Scientists hope that others are starting to use ProtgP in the same way as they use predictive structural models such as Alphafold, developing various projects regarding the function of protein, dysfunction and diseases.
Going beyond the forecast to the innovative generation
Scientists were excited about the possible applications of their forecasting model, but they also wanted their model to go beyond predicting the location of existing proteins and let them design completely new proteins. The goal was to create completely new amino acid sequences, which after creating in the cell would be located in the desired place. Generating a new protein, which can actually perform a function – in this case the location function in a specific cellular range – is extremely difficult. To increase the chances of their model's success, scientists have limited their algorithm to designing only proteins such as those found in nature. This is a common approach in the design of drugs for logical reasons; Nature was billions of years to find out which protein sequences work well and which do not.
Due to cooperation with the young laboratory, the machine learning team was able to check if their protein generator was working. The model had good results. In one round he generated 10 proteins intended for locating in the nucleus. When scientists tested these proteins in the cell, they discovered that four of them strongly located in the nucleus, and others could have little prejudices towards this place.

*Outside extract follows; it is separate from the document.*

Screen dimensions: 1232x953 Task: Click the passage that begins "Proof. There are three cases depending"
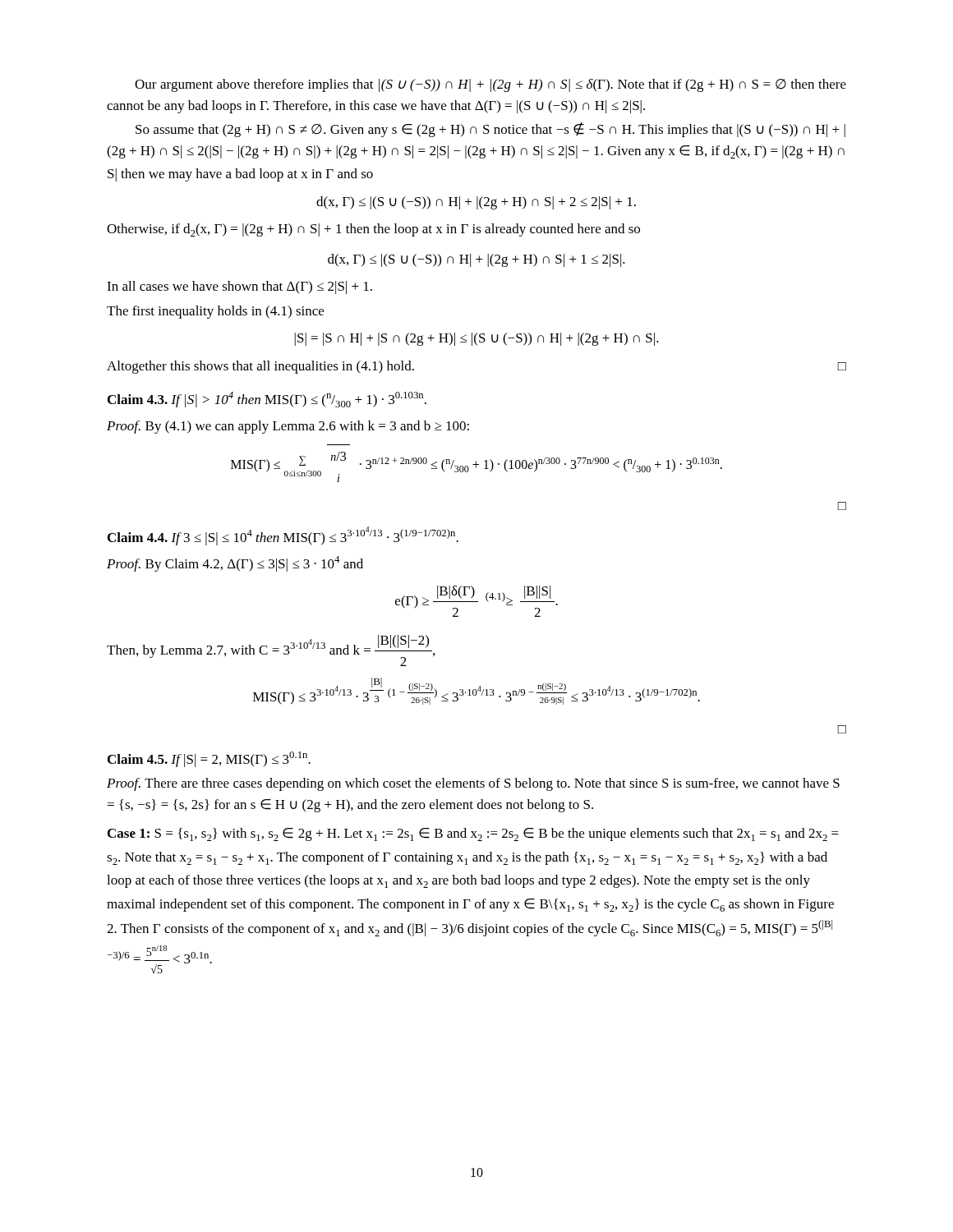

“Cooperation between our laboratories was so generative for us,” says Mikhael. “We learned how to speak of each other's languages, in our case they learned a lot about how cells work, and the possibility of experimental testing our model, we were able to find out what we need to do to make the model work and then make it work better.”
The ability to generate functional proteins in this way can improve researchers' ability to develop therapy. For example, if the drug must affect the goal that is located in a certain compartment, scientists can use this model to design the drug to locate there. This should make the medicine more effective and reduce side effects, because the drug will spend more time to get involved in the goal and less time to interact with other particles, causing results outside of goals.
Members of the machine learning team are delighted with the prospect of using what they have learned from this cooperation to design new proteins with other functions except locations that would expand the possibilities of therapeutic design and other applications.
“Many articles show that they can design a protein that can be expressed in the cell, but not that the protein has a specific function,” says Chinn. “In fact, we had a functional protein design and a relatively huge success rate compared to other generative models. This is really exciting for us and something we would like to build on.”
All involved researchers perceive ProtgP as an exciting start. They expect their tool to be used to learn more about the role of location in the function of protein and incorrect location in the disease. In addition, they are interested in expanding the model location forecasts with more types of intervals, testing more therapeutic hypotheses and designing more and more functional therapy proteins or other applications.
“Now that we know that this protein code for location exists and that machine learning models can understand this code and even create functional proteins using its logic, which open the door to so many potential research and applications,” says Kilgore.